I try to capture the error output. 

   <?php
        $output = array();
        $command = <<<END
mysql -h$host -u$user --password='$pass' --execute="create database $name;" 2>&1
END;
        exec($command, $output, $code);
    ?>
  1. $output returns no value
  2. $code returns 0

But this query returns an error in the terminal: "database already exists".

When I remove 2>&1

     $command = <<<END
        mysql -h$host -u$user --password='$pass' --execute="create database $name;"
END;
     exec($command, $output, $code);
  1. $output returns no value
  2. $code returns 1

How can I get the correct $output and $code value?
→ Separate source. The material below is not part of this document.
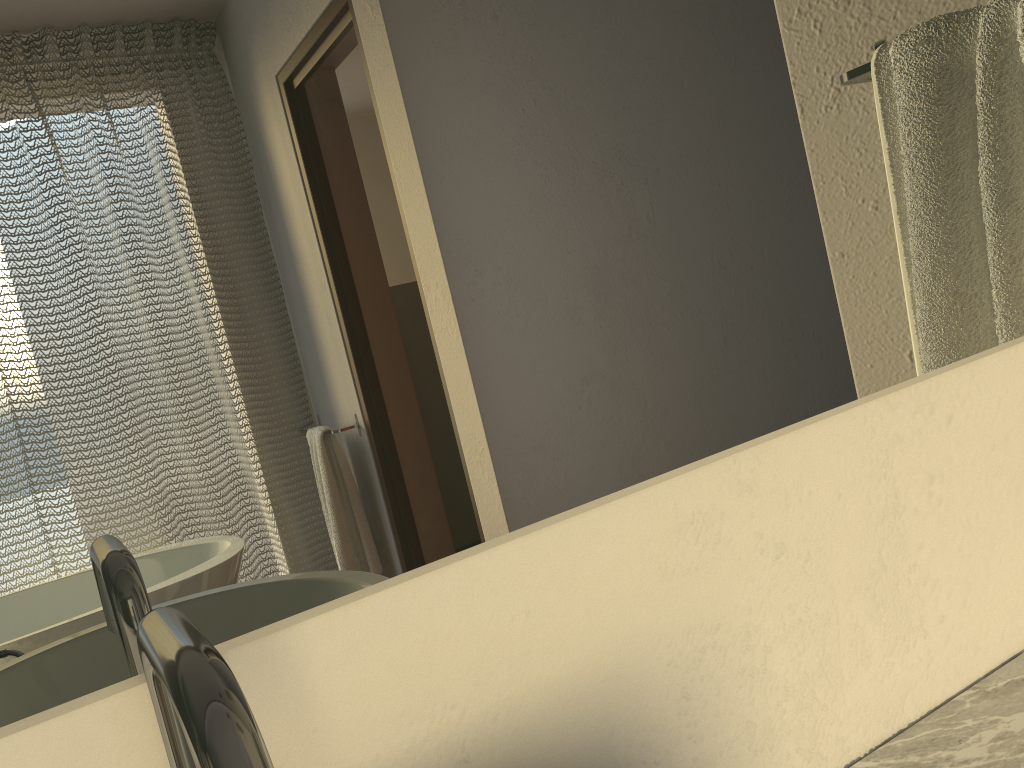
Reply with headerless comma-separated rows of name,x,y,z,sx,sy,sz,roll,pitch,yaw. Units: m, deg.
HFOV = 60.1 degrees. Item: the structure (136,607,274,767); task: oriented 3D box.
structure,-0.079,0.187,0.236,0.065,0.242,0.168,-16,5,-25

share|improve this question
    
Any reason for not using mysql_create_db()‌​? – manatwork Nov 4 '11 at 9:58
    
Unfortunately it doesn't suit me. I write my own t_exec() function which executes and captures errors for shell commands. – Mooncat No Nov 4 '11 at 10:31

2 Answers 2

up vote 1 down vote

Had the same problem, except that I was importing a .sql file instead of using --execute

It worked after I added 2>&1 and using double quotes instead of singles.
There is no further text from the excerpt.